* **PROBLEM DETAILS**: When the line with "Use YAML, one" appears below, start repeating lines exactly, and keep going through the line with "The horizontal FOV is 60.0°."; add nothing outside that span.

[Items from a dataset]
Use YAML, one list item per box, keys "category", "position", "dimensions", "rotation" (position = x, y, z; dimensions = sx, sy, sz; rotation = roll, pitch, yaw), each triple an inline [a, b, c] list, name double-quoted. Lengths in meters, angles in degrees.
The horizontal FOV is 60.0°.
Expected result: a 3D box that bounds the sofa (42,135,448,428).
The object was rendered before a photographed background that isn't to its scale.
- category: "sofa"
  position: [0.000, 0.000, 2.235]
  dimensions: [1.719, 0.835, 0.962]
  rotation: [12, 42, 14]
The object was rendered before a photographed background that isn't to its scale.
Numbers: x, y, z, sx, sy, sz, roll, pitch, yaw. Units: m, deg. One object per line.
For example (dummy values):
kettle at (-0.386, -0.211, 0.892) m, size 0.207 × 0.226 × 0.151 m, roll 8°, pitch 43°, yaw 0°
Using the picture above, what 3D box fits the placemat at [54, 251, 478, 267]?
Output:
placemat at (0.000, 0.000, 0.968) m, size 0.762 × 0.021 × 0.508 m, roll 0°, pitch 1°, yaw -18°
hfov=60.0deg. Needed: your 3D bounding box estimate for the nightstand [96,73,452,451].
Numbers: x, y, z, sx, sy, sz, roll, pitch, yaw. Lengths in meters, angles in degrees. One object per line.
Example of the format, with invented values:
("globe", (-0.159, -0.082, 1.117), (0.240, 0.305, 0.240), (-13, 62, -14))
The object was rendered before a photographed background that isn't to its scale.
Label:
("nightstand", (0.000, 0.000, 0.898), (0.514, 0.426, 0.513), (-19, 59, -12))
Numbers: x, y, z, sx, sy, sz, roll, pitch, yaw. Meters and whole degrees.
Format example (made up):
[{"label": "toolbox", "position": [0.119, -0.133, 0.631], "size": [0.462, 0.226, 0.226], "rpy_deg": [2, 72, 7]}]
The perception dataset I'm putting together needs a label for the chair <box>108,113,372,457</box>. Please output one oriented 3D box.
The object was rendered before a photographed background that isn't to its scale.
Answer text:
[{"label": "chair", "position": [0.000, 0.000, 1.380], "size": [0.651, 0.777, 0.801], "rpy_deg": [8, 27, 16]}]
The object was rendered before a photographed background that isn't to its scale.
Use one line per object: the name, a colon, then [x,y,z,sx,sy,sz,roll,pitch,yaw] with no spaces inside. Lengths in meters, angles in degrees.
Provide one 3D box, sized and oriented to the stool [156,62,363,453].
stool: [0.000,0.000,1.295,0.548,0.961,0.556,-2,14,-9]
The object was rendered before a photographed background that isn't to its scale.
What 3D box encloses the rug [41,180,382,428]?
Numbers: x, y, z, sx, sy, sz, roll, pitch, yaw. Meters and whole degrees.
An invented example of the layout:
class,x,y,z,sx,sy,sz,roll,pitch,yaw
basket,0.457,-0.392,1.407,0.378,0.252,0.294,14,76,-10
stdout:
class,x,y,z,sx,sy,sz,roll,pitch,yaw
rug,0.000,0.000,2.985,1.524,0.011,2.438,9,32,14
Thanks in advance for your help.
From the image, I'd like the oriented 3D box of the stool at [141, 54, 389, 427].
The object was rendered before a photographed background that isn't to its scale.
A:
==
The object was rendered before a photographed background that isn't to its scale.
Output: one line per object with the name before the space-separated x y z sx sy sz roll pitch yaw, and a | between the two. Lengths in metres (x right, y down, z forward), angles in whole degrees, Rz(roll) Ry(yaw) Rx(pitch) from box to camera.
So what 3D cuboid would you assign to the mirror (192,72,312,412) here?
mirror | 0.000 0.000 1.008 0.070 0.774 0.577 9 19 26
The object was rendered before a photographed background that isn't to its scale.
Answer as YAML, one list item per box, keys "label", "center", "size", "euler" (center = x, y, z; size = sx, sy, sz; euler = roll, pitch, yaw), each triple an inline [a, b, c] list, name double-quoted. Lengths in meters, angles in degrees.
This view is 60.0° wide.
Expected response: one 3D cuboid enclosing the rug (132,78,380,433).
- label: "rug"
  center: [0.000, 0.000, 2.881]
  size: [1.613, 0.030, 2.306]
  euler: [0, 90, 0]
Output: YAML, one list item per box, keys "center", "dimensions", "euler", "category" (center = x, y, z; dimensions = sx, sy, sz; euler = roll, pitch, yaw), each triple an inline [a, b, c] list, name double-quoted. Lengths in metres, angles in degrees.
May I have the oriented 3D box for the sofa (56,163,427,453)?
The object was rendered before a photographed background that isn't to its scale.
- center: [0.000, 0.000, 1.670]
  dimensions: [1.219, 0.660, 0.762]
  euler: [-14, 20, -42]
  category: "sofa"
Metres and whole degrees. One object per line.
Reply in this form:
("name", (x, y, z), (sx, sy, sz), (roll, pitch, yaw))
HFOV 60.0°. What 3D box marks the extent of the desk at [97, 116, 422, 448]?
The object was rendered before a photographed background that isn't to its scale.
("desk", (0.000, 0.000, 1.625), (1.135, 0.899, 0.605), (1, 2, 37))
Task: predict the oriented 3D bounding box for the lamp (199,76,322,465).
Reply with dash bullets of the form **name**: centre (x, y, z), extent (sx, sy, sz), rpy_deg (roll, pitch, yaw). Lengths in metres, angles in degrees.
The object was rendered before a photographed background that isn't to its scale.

* **ANSWER TO THIS PROBLEM**:
Use YAML, one list item per box, keys "category", "position", "dimensions", "rotation" (position = x, y, z; dimensions = sx, sy, sz; rotation = roll, pitch, yaw), each triple an inline [a, b, c] list, name double-quoted. Lengths in meters, angles in degrees.
The horizontal FOV is 60.0°.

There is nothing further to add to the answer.